Figure 6. smNPCs-derived neurons become electrophysiologically mature and mature in vivo.

(A) On average, the recorded membrane potential from smNPC-derived neurons was −35±2 mV (n = 12) and the cell membrane capacitance was 31.88±4.36 pF (n = 12). These values are consistent with previously published results of neurons differentiated from human stem cells , , . The net of transmembrane currents, elicited by the voltage steps from holding potential −70 mV to +20 mV with 10 mV increments (the above panel shows the stimulation paradigm). (B) Current-voltage relationship of inward and outward currents, measured on the peak and normalized to cell capacitance (n = 8). (C) Cells demonstrate spontaneous firing of action potentials (APs) like neurons. Right panel shows more detailed view on the unitary action APs. See also Figure S8 for additional data and recording of miniature potentials. (D)–(H) smNPCs integrate and mature in vivo. Transplanted human cells were identified using human Nuclei (hNuclei)- and human NCAM (hNCAM)- specific antibodies. (D) Two weeks after transplantation into the midbrain of immunodeficient mice, smNPCs differentiated into DCX-positive and TUBBIII (E) neurons. (F) Two weeks post transplantation, smNPC are negative for SOX2. (G) smNPCs form synapses already two weeks post transplantation, as shown by SYNAPTOPHYSIN and hNCAM staining. (H) Only after treatment with PMA and FGF8 for 8 days before transplantation did TH+ neurons form. For further analysis and long-term survival after eight weeks, see Figure S9.

Figure 7. smNPCs are suitable for modeling of neurological diseases such as LRRK2 G2019S induced Parkinson’s Disease.

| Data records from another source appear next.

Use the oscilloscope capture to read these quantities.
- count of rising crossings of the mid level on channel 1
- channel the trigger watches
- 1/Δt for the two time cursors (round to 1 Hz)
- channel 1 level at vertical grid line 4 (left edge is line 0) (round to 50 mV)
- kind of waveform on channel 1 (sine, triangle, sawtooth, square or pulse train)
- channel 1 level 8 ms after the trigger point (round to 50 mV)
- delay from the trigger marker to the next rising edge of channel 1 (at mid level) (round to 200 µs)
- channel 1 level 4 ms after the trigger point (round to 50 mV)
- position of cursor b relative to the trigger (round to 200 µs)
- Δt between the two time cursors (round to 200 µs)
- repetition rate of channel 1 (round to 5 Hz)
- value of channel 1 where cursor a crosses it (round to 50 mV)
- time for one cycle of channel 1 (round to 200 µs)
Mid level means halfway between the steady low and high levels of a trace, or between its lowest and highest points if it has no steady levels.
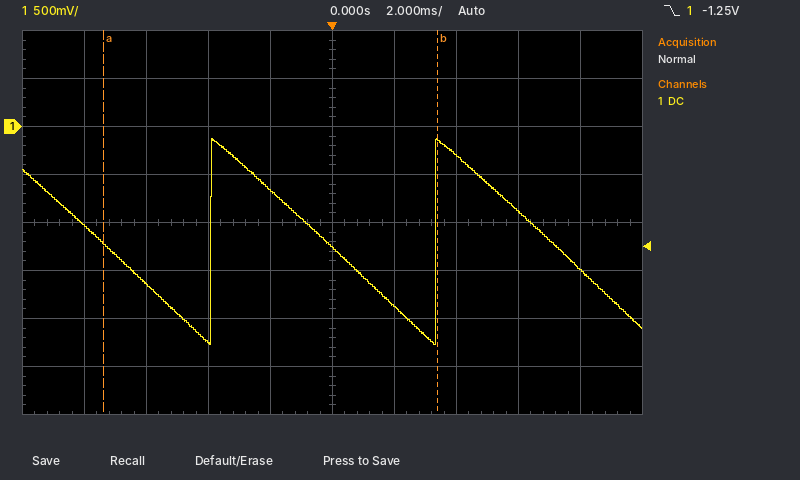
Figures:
2
channel 1
93 Hz
-650 mV
sawtooth
-1.50 V
3.4 ms
-300 mV
+3.4 ms
10.8 ms
140 Hz
-1.20 V
7.2 ms

Patient-specific human iPSCs from two patients with Parkinson’s disease harboring LRRK2 G2019S were differentiated in parallel with two lines derived from healthy age- and sex-matched control donors. After two weeks of maturation, the cultures were replated as single cells. Medium was switched to N2 medium or N2 medium supplemented with 5 µM 6-OHDA, or 10 µM 6-OHDA, or 100 nM Rotenone to induce additional cytotoxic stress. Apoptosis was assessed by double-staining for TH and cleaved CASPASE3 (CASP) in duplicate wells for each line and concentration. (A) Example picture showing TH+/CASP3- (empty arrowhead) and TH+/CASP3+ neurons (arrowhead). (B) When normalized to the average number of apoptotic cells detected in the wild-type cultures, 6-OHDA and rotenone lead to a higher cell death, with an even higher increase in cells carrying LRRK2 G2019S. Error bars represent the variation from duplicate wells. (C) When normalizing each concentration to the average apoptosis in TH+ neurons from healthy controls, an increase of 46% can be observed in LRRK2 G2019S over wild type cultures in all stressor concentrations used. Error bars represent S.D. *** indicates p<0.001, according to Student’s t-test. See also Figure S11 for primary, unnormalized data.

Figure 8. Summary of smNPCs.

Diagram illustrating the conditions used to derive, propagate, and differentiate smNPCs. CHIR = 99021, DM = dorsomorphin, FCS = fetal calf serum, PMA = purmorphamine, RA = all-trans retinoic acid, and SB = SB43152.